OdiOSCommand "-OUT_FILE=<%=odiRef.getTable("TARG_NAME")%>_bq.log" "-ERR_FILE=<%=odiRef.getTable("TARG_NAME")%>_bq.err"
echo bq load --source_format=CSV --skip_leading_rows=1 --field_delimiter="|" GOOGLE_TARGET.SAMPLE_DATA gs:// <YOUR_GCS_BUCKET_NAME_HERE>/SAMPLE_DATA.GZ| C:\WINDOWS\system32\cmd.exe /k ""C:\Users\<YOUR_USER>\AppData\Local\Google\Cloud SDK\cloud_env.bat""

This command is a little messy, but it works. In your project you may do something more elaborate, but for the sake of this example, it will work. Basically, I’m using the echo trick to call two command lines at once. The first one I run “cloud_env.bat”, which will set my cloud environment variables (this comes with Google CLI installation). Then, I call “bq load”, passing as parameters the source format, the number of heading lines and the field delimiter. In this case, we are using pipe “|” as our column delimiter. After that we pass which Dataset/Table we want to load and from which file (in this case our GZ file).

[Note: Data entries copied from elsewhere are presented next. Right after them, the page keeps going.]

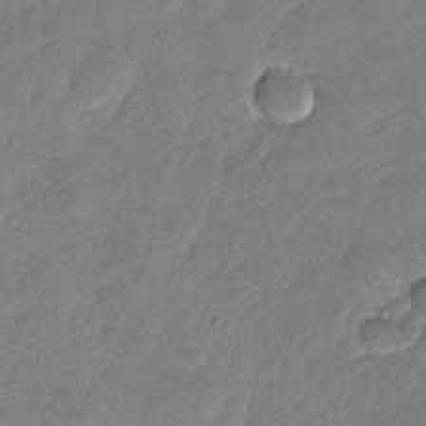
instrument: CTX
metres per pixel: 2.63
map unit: Nhu
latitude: -29.1998
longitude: -61.3481
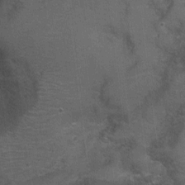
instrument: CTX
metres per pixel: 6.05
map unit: Nhu
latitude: 2.7435
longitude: -17.7638
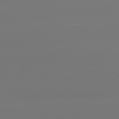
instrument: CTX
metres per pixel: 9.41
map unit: lApd
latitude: 80.8002
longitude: -148.8569
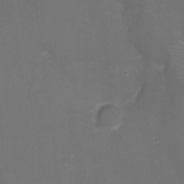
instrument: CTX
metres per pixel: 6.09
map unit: Nhu
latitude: -9.2943
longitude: -42.4034
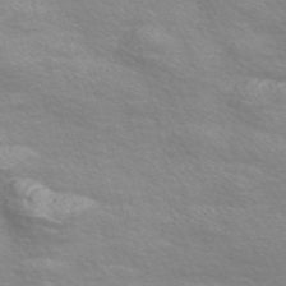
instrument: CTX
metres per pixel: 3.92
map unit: Nve
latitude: -56.4251
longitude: 53.3131
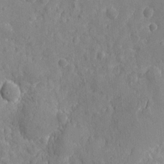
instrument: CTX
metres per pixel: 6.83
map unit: eHh
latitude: 7.1214
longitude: -74.7624
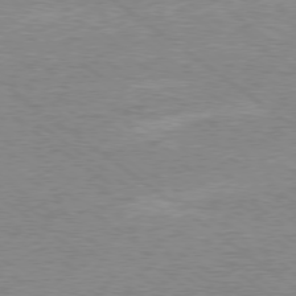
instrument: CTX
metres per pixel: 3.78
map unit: Ap
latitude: -79.3320
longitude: -82.1011
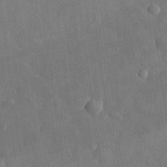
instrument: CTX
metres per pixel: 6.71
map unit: eHh
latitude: 30.5168
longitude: -77.3481
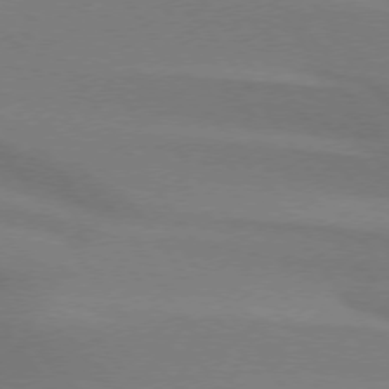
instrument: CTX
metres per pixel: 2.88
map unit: lApd
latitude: 74.2900
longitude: -63.5938
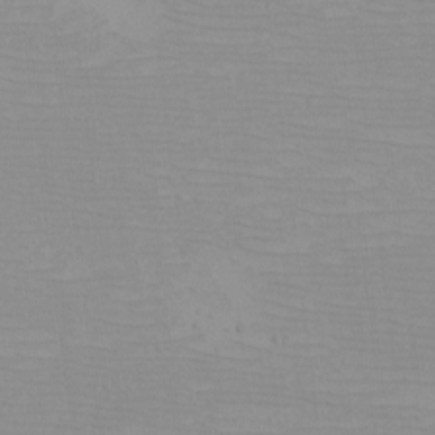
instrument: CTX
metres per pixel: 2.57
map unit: eHh
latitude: -5.0675
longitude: -83.2348
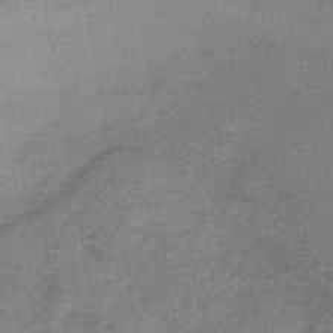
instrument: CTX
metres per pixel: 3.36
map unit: lHb
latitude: -39.5021
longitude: 59.8044
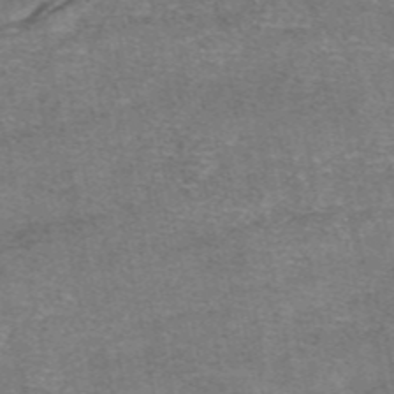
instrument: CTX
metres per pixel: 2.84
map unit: eAb
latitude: 47.6505
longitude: 103.6911
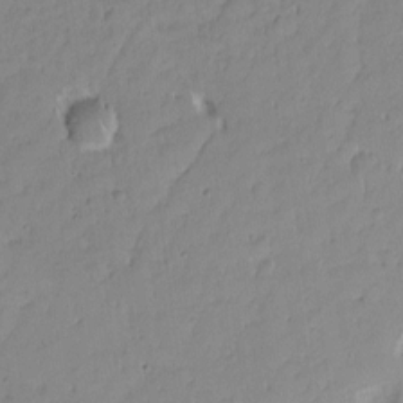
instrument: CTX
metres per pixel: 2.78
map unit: Nhu
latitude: -5.0486
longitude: -149.2915
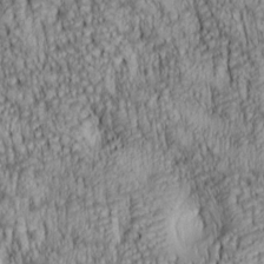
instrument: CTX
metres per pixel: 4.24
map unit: lAa
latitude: 6.6868
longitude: -115.2159
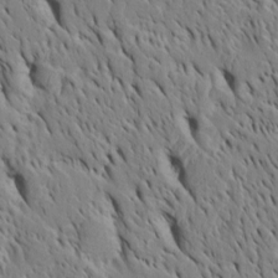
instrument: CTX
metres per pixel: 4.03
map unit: Htu
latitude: -4.0850
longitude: 151.7666
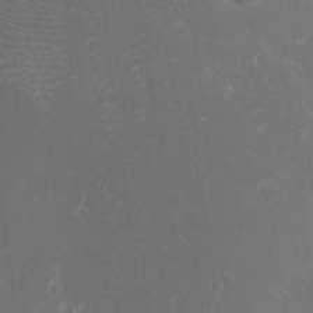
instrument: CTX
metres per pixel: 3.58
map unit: eHh
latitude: 2.3656
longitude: -78.5546
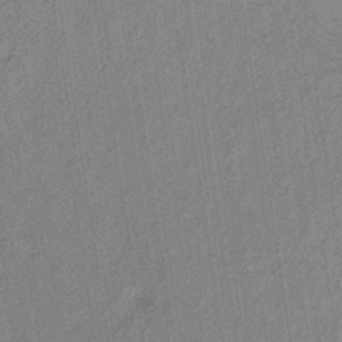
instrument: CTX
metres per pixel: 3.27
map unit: lHb
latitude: -34.5196
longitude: 70.6519
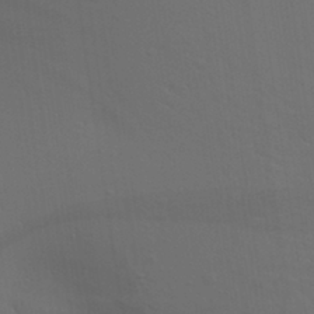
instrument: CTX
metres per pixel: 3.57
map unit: Aa
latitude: 27.9906
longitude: -131.4616
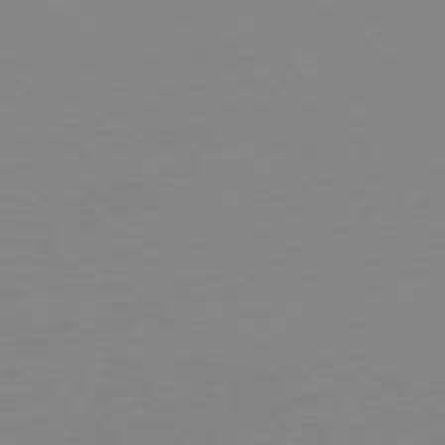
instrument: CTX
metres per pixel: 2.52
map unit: Ap
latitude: -78.8975
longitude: -99.1403
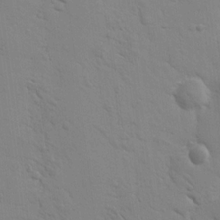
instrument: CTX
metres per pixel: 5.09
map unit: Nhu
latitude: 16.6868
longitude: -78.5546
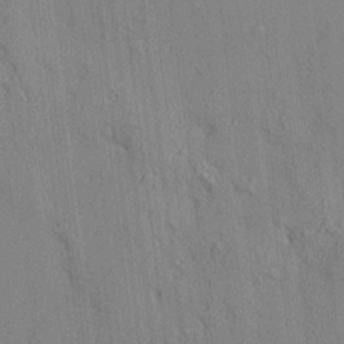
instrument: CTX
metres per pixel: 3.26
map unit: HNhu
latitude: 13.2537
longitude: 10.0850
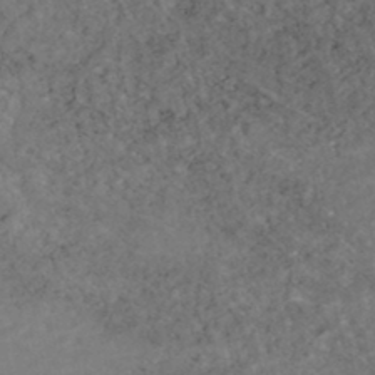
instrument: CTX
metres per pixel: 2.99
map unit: HNhu
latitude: -47.2754
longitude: 98.1795
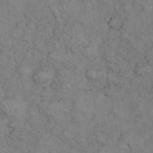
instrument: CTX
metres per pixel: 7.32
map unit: eHh
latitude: 35.6694
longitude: -63.3104
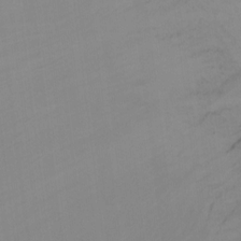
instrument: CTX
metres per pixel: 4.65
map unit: Ht
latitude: -14.9731
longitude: -43.3482
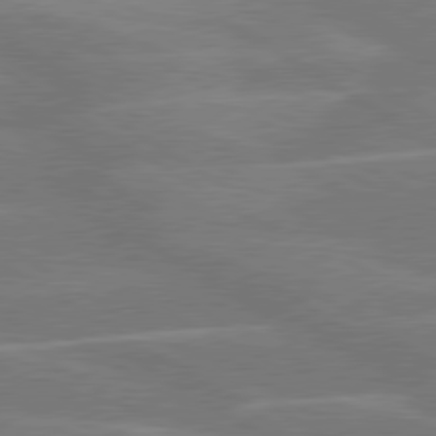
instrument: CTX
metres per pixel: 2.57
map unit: lApd
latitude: 79.7450
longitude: -123.0836
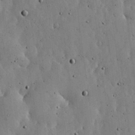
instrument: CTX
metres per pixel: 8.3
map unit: lHvf
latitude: 18.8569
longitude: -114.1955
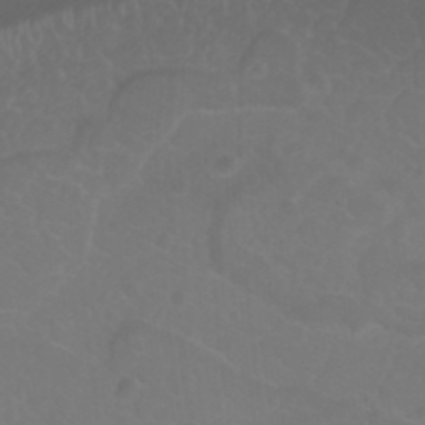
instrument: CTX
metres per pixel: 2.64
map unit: Nhu
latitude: 24.5167
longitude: -62.6869
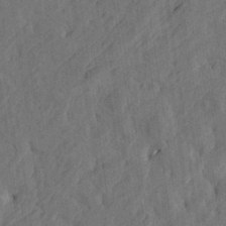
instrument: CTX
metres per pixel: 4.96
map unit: Htu
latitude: -5.2376
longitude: -177.3104
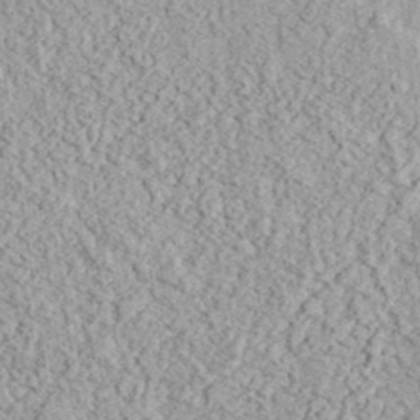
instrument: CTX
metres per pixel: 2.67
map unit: eHh
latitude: 37.5749
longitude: -80.9703
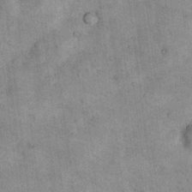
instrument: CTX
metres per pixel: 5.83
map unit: Nhu
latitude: 7.0458
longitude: -23.7072
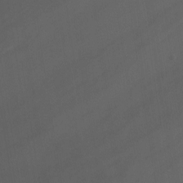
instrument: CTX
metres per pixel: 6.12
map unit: Nhu
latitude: -12.7463
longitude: -73.0648
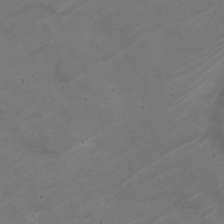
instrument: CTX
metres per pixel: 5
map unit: Nhe
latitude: -19.2754
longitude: 143.6721
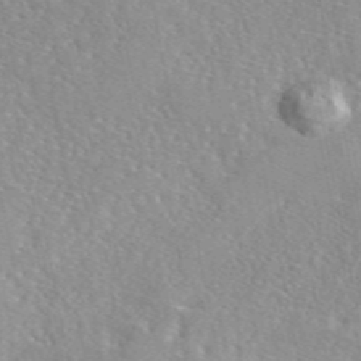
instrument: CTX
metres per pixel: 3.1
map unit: eAb
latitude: 45.7449
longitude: 111.9367
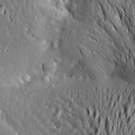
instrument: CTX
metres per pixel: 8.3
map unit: Aa
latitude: 19.5749
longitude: -149.8394

Seems complicated at first, but the data load speed is worth it. And since all this is in an IKM, you will do it once and reuse it repeatedly.

Before we create a mapping, we need to remember that now we won’t be loading BigQuery directly, but instead we will be loading a text file first. So, we need to create a new model pointing to a File logical schema that will be used to hold our temporary files. For this example, I’ve created a delimited file using pipe and with header. For the columns, I created all of them as Strings.

Now we may create our mapping. In this case, its pretty simple. We just add our Oracle source table and our File target table.

When we execute it, we can see that I was able to load 1,077,500 rows in 76 seconds. Not bad at all:

Once again, we saw that working with files and command line tools were way faster than JDBC connections. Also, if you think a little bit about it, it has other cool benefits. If you threat all your cloud integrations as file transfers, you may create an architecture that can be used across multiple cloud vendors. Your on-premises output will always be compressed files that will be loaded to cloud systems using different ODI Knowledge modules, one for each vendor. Since all of it are text files, ODI mappings may be used to create all sorts of complex logic using your on-premises database as staging and then only pushing the result to the cloud.

I hope you have enjoyed. See you soon!